宮崎勤事件の教訓に、子どもたちが狙われて連れ出された場所が自宅周辺で、一人でいるときに声をかけられて連れ去られているという、たいへん重要なキーワードがあります。
 子どもの防犯というと、通学時の連れ去り事件対策が中心になりがちですが、実は、この事例にかぎらず、子どもたちは通学路よりも自宅の近くや周辺で遊んでいるときに犯罪に巻き込まれているケースが少なくありません。

 ではなぜ、通学路での事件が多発しているかのように感じるのかというと、それは事件の特徴がおおきく影響しています。

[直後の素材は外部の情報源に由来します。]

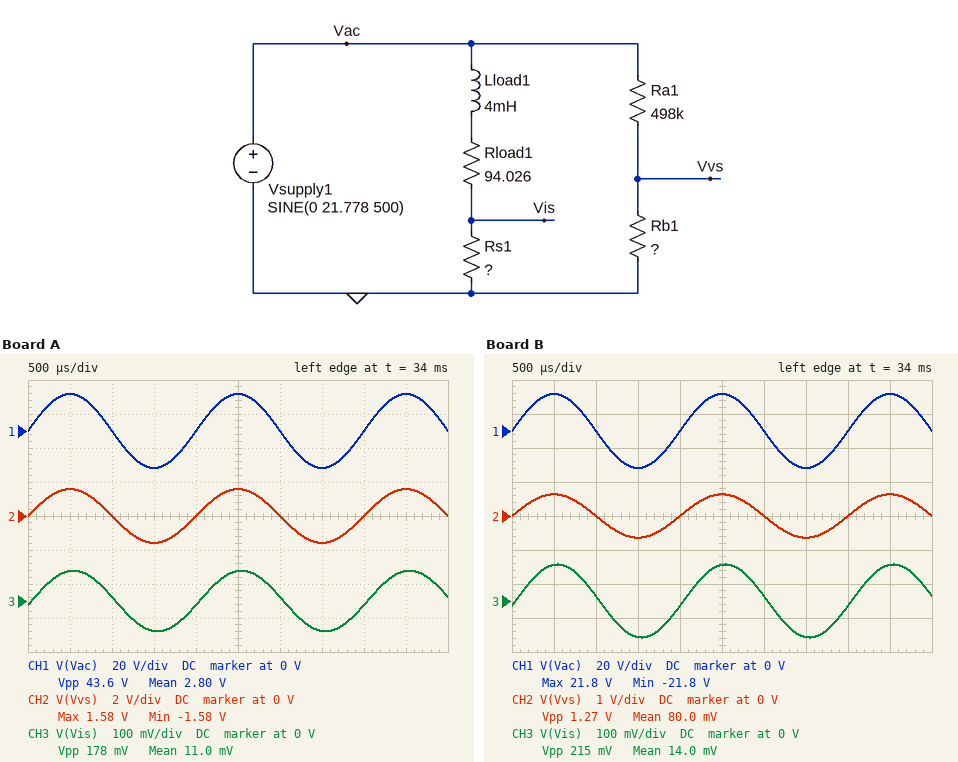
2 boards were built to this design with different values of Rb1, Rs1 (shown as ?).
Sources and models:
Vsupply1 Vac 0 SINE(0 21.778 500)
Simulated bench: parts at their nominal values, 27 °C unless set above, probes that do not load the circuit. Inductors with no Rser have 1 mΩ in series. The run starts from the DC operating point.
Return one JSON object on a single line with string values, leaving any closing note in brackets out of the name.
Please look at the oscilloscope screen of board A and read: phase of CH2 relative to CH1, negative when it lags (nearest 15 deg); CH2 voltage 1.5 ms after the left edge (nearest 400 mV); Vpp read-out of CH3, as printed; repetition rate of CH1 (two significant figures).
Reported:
{"phase of CH2 relative to CH1, negative when it lags": "0 deg", "CH2 voltage 1.5 ms after the left edge": "-1.6 V", "Vpp read-out of CH3, as printed": "178 mV", "repetition rate of CH1": "500 Hz"}
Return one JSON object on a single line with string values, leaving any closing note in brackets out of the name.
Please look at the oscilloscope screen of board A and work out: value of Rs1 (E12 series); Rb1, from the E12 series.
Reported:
{"value of Rs1": "0.39 Ω", "Rb1, from the E12 series": "39 kΩ"}
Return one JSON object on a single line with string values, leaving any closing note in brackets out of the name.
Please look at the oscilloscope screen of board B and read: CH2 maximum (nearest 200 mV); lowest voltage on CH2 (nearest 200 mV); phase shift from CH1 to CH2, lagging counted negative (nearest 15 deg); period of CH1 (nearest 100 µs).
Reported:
{"CH2 maximum": "600 mV", "lowest voltage on CH2": "-600 mV", "phase shift from CH1 to CH2, lagging counted negative": "0 deg", "period of CH1": "2.0 ms"}
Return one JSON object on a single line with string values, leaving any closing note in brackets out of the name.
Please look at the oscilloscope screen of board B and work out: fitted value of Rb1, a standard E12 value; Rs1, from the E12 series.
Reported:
{"fitted value of Rb1, a standard E12 value": "15 kΩ", "Rs1, from the E12 series": "0.47 Ω"}

 登下校中に子どもが連れ去られたりすると、保護者や学校関係者がその行方を捜します。見つからなければ最終的には、行方不明事件として警察に捜索願いを届けでることになり大騒ぎになるわけです。
 そして多くのケースで、行方不明が発覚してから数時間後、遠く離れた山中で放置された子どもが、第三者などに発見されて保護され、事件がおおやけになってしまうというパターンが多いのです。
 当然、テレビや新聞などの記事やニュースで取り上げられることになり、登下校時の被害が私たちの目にとまりやすくなるわけです。そのようなことから、登下校時の事件が多発しているかのように錯覚してしまうのです。

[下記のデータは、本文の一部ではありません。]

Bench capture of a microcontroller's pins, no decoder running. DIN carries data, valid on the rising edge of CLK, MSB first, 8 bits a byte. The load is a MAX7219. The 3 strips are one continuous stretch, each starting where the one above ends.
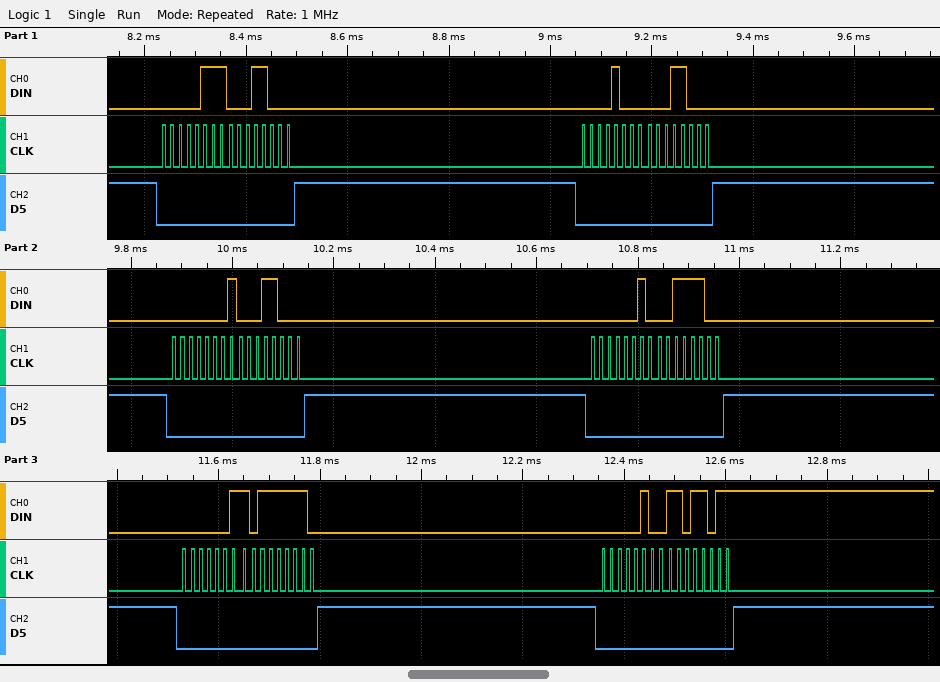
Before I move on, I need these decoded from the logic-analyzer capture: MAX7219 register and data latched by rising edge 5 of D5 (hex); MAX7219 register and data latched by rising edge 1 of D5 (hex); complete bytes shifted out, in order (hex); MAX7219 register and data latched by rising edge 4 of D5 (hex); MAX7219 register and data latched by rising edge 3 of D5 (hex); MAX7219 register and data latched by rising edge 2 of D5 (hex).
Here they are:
register 0x3, data 0x7E
register 0x7, data 0x18
07 18 08 18 01 18 02 3C 03 7E 04 DB
register 0x2, data 0x3C
register 0x1, data 0x18
register 0x8, data 0x18
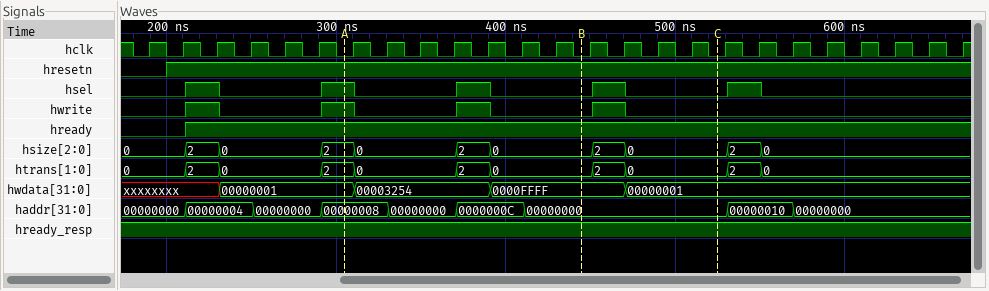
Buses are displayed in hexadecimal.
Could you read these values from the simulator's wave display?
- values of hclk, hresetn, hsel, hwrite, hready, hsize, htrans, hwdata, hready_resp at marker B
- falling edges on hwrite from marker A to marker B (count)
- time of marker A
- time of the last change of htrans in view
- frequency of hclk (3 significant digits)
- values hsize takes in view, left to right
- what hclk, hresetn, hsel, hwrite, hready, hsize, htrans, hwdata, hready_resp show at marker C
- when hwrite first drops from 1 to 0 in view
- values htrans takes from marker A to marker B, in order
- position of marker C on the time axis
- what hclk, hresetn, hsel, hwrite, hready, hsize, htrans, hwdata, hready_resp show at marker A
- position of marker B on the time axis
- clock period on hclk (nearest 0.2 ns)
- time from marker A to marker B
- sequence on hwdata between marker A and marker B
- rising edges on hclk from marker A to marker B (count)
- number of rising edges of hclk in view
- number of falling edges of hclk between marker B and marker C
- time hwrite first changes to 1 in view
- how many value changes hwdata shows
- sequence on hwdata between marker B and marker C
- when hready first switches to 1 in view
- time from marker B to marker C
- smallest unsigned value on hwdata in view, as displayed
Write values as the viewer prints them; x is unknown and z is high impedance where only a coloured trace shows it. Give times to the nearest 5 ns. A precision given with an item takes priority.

hclk=0, hresetn=1, hsel=0, hwrite=0, hready=1, hsize=0, htrans=0, hwdata=0000FFFF, hready_resp=1
2
305 ns
550 ns
50.0 MHz
0, 2, 0, 2, 0, 2, 0, 2, 0, 2, 0
hclk=0, hresetn=1, hsel=0, hwrite=0, hready=1, hsize=0, htrans=0, hwdata=00000001, hready_resp=1
230 ns
2, 0, 2, 0
525 ns
hclk=0, hresetn=1, hsel=1, hwrite=1, hready=1, hsize=2, htrans=2, hwdata=00000001, hready_resp=1
445 ns
20 ns
140 ns
00000001, 00003254, 0000FFFF
7
25
4
210 ns
4
0000FFFF, 00000001
210 ns
80 ns
00000001
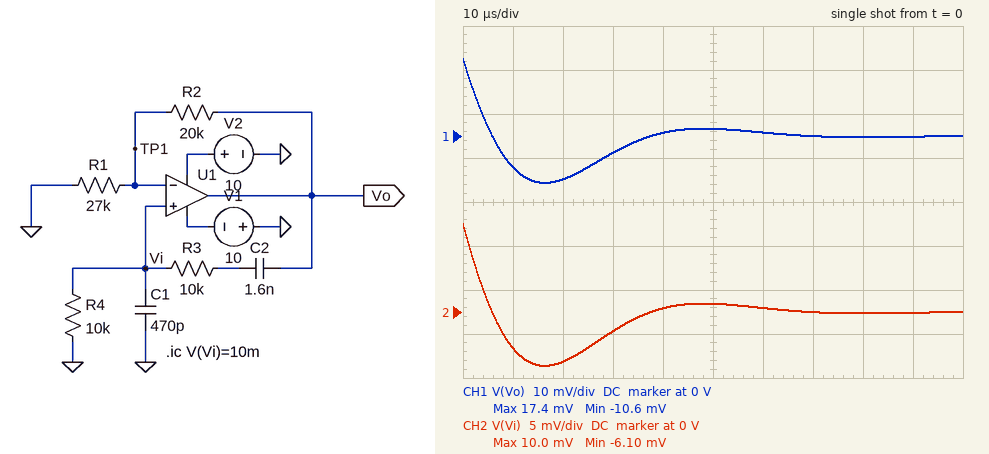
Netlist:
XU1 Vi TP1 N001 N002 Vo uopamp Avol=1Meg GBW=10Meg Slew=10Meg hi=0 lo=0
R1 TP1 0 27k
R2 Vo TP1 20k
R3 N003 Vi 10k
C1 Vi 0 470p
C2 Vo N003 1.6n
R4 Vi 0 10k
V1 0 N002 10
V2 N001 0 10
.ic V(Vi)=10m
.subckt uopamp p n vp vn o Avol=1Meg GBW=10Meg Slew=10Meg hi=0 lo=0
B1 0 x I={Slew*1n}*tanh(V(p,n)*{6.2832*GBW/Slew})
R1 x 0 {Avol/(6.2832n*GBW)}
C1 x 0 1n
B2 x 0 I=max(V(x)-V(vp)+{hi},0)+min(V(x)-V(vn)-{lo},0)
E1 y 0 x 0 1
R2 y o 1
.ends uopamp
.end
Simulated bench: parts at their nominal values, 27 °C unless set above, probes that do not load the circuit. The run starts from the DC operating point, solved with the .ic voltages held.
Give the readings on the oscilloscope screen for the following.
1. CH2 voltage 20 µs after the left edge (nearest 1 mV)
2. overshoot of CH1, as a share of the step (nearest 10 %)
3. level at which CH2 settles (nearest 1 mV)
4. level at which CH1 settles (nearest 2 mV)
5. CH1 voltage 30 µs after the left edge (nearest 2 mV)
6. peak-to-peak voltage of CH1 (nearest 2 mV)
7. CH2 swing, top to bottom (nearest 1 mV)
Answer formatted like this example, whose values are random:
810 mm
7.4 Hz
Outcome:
-6 mV
60 %
0 V
0 V
-4 mV
28 mV
16 mV
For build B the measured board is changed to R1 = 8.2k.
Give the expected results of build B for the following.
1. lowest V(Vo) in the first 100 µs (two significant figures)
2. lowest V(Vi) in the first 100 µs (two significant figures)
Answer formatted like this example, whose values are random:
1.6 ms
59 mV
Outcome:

 それに対して、自宅周辺で被害をうけたケースの大多数は、被害を受けた子どもは、まっすぐに自宅に逃げ帰ってきます。
 第一発見者が家族になるのです。
 特に、女児や女子が性被害などを受けたケースでは、近隣の住人の風評被害などから子どもを守るために、また、さまざまなマイナスやダメージなどを考えて、被害を届け出ないで泣き寝入りをしてしまうというケースが多いのです。
 このような事情から、自宅周辺での事件や被害が表にでることはほとんどありません。
 だから一般の保護者は、家の近くで子どもたちが深刻な被害やダメージを受ける事件や犯罪被害が多発していることに気がつきにくく、警戒心が希薄になり隙や油断が生じやすくなるのです。

 このような実情を知っている専門家からみれば、「いま、子どもは家の近くで遊んでいるから大丈夫だろう」という認識は、とても危ないということになります。
 保護者の方は、8歳までの子どもはたとえ自宅の周辺であっても、屋外では注意と監視が必要だということを肝に銘じて守ってほしいものです。